Accelerating Cathode Material Discovery through Ab Initio Random Structure Searching
Bonan Zhu, Ziheng Lu, Chris J. Pickard, David O. Scanlon
The choice of cathode material in Li-ion batteries (LIBs) underpins their
overall performance. Discovering new cathode materials is a slow process, and
all major commercial cathode materials are still based on those identified in
the 1990s. Materials discovery using high-throughput calculations has attracted
great research interest, however, reliance on databases of existing materials
begs the question of whether these approaches are applicable for finding truly
novel materials. In this work, we demonstrate that ab-initio random structure
searching (AIRSS), a first-principles structure prediction methods that does
not rely on any pre-existing data, can locate low energy structures of complex
cathode materials efficiently based only on chemical composition.

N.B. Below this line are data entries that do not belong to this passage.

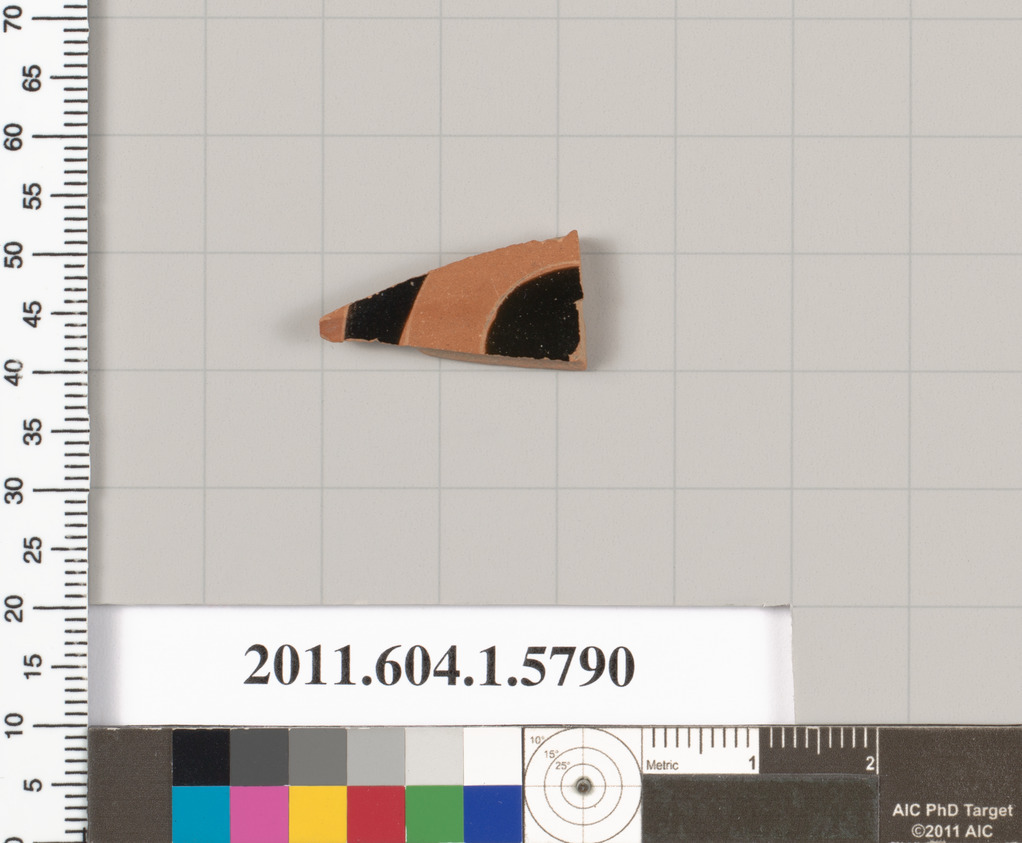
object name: kylix fragment, eye cup
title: Terracotta fragment of a kylix: eye-cup (drinking cup)
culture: greek, attic
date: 525-510 BCE
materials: terracotta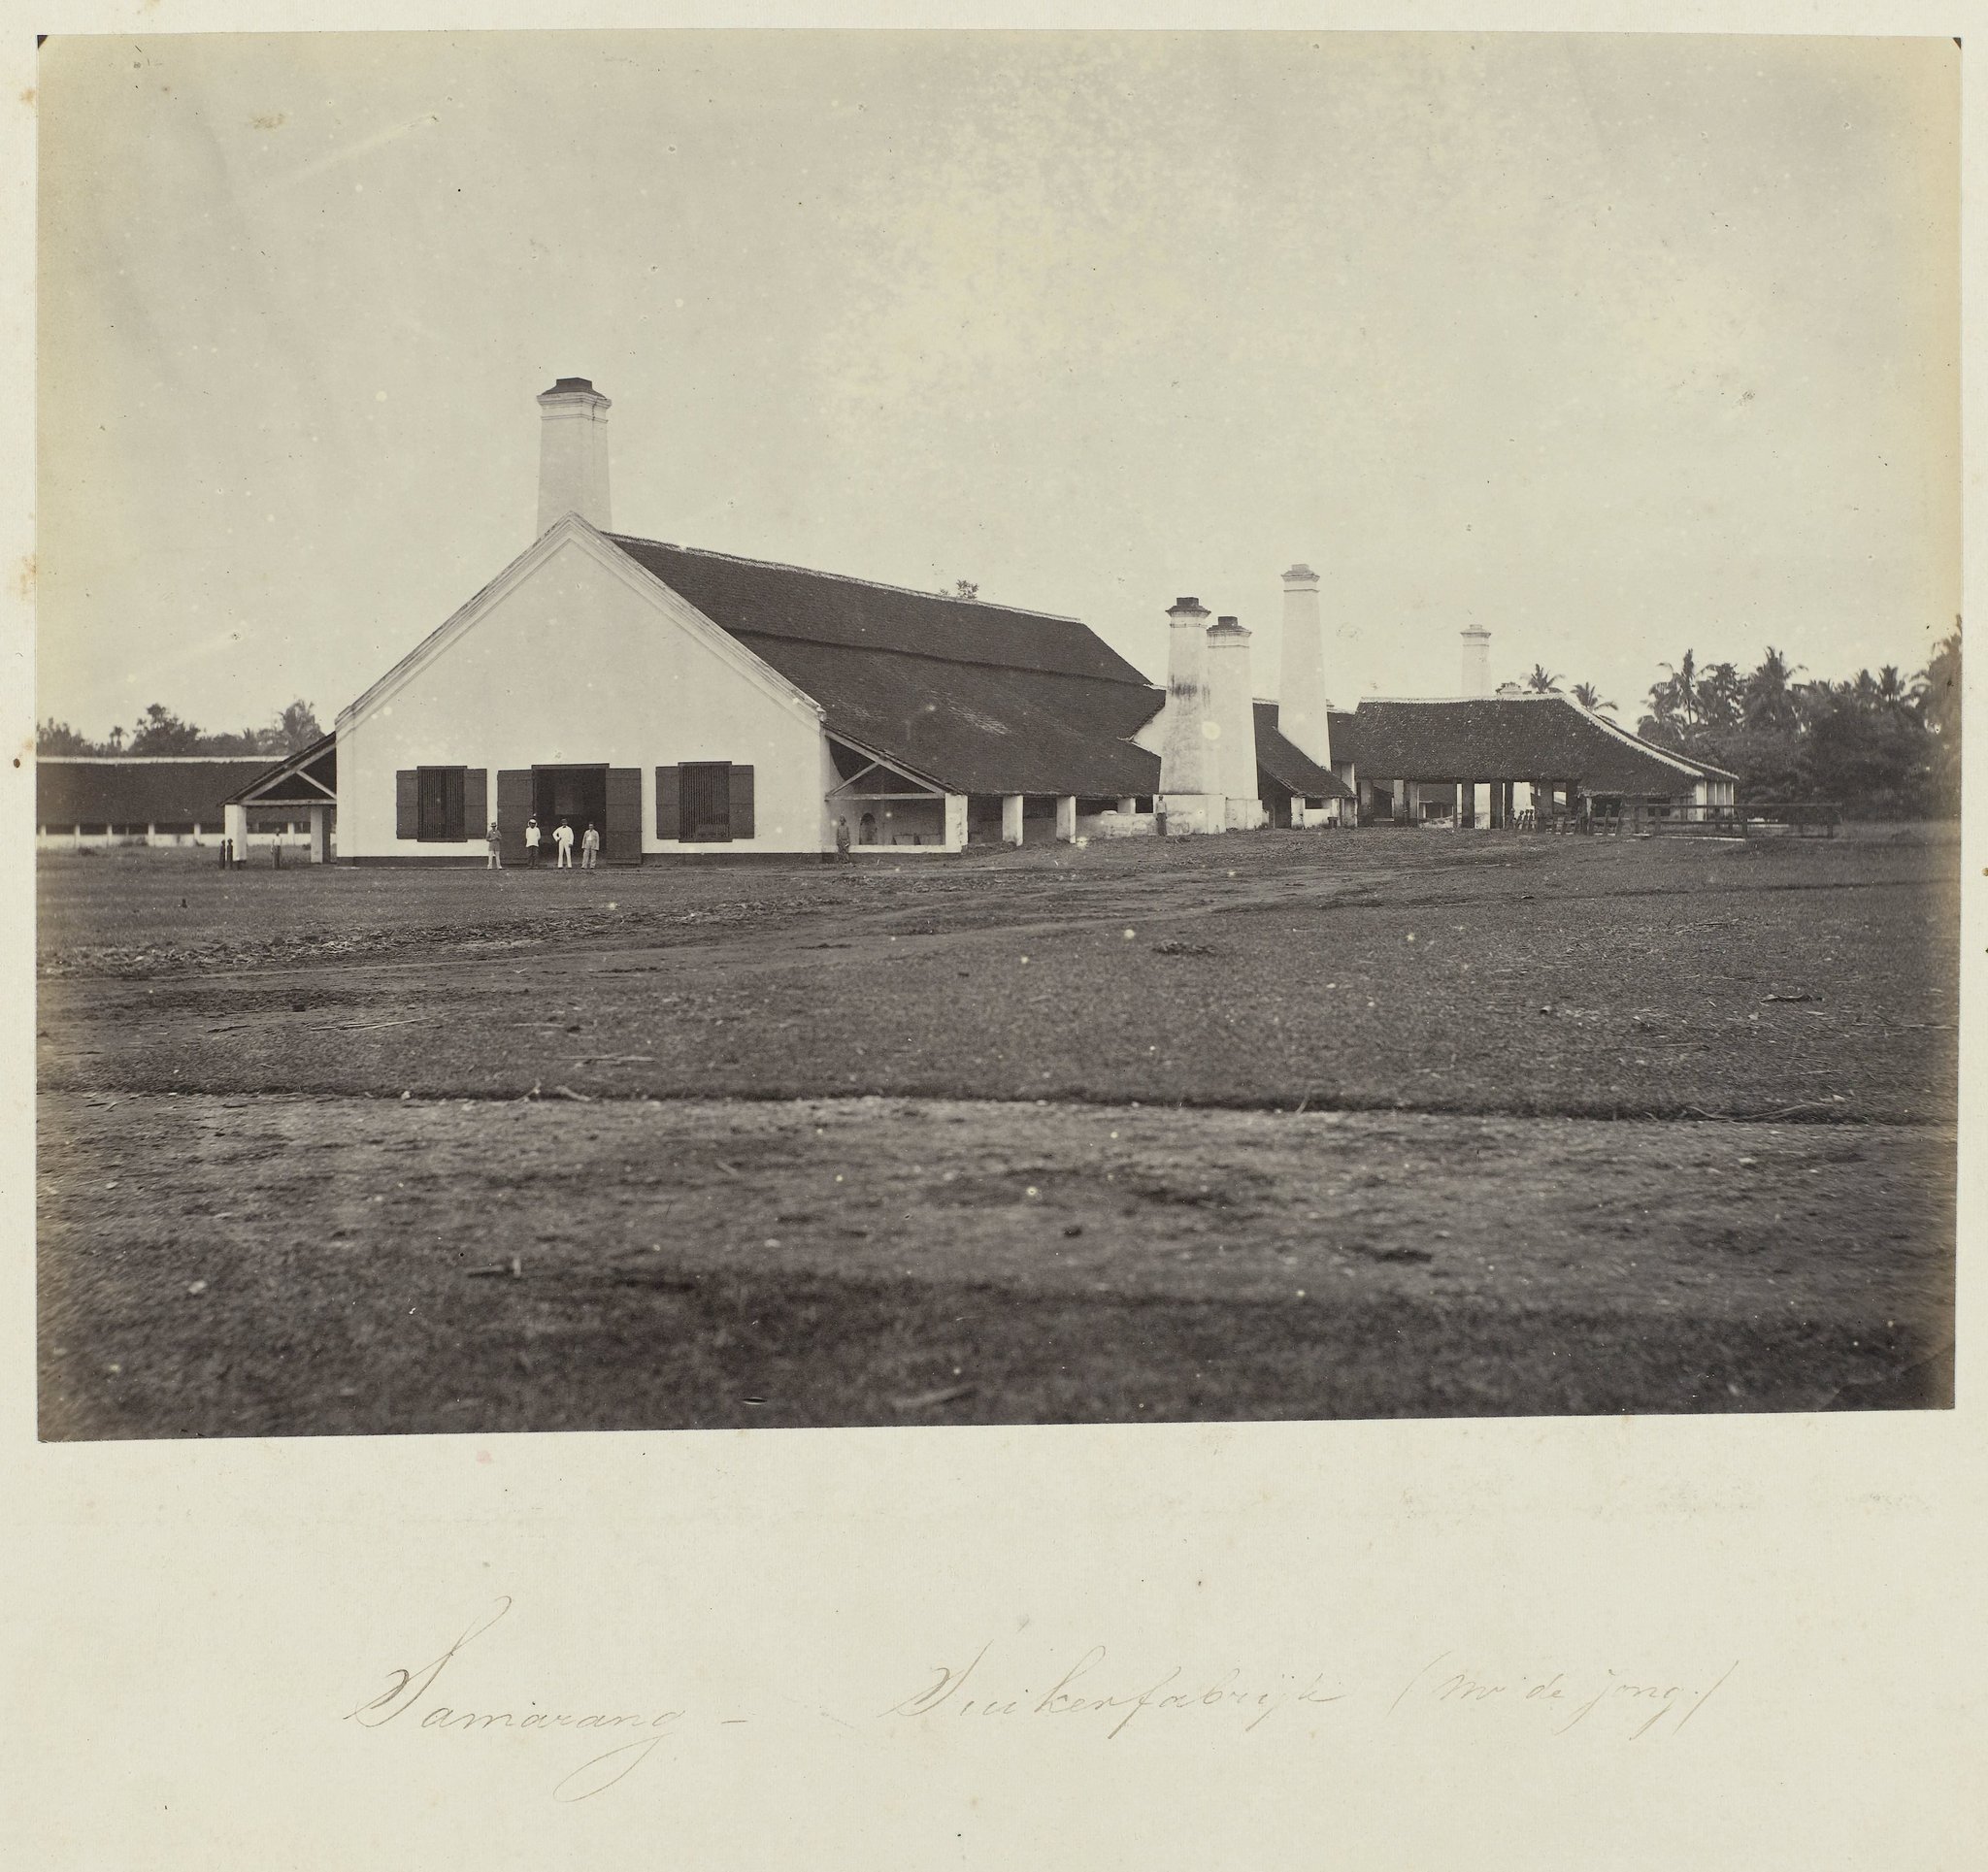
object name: photograph
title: Samarang - Suikerfabrijk (mr de Jong)
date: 1863-1869
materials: photographic support
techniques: albumen print
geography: semarang
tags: factory-building
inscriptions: inscription: ‘Samarang - Suikerfabrijk (mr de Jong)’
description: Gebouwen van de suikerfabriek van mr. de Jong, te Samarang. Onderdeel van het groene fotoalbum met foto's van Java, uit het bezit van apotheker Specht-Grijp, die in 1865 vanuit Batavia naar Nederland terugkeerde.

We use AIRSS
to explore three Fe-containing polyanion compounds as low-cost cathodes. Using
known quaternary LiFePO4 and quinary LiFeSO4F cathodes as examples, we easily
reproduce the known polymorphs, in addition to predicting other, hitherto
unknown, low energy polymorphs, and even finding a new polymorph of LiFeSO4F
which is more stable than the known ones. We then explore the phase space for
Fe-containing fluoroxalates, predicting a range of redox-active phases that
have yet to be experimentally synthesized, demonstrating the suitability of
AIRSS as a tool for accelerating the discovery of novel cathode materials.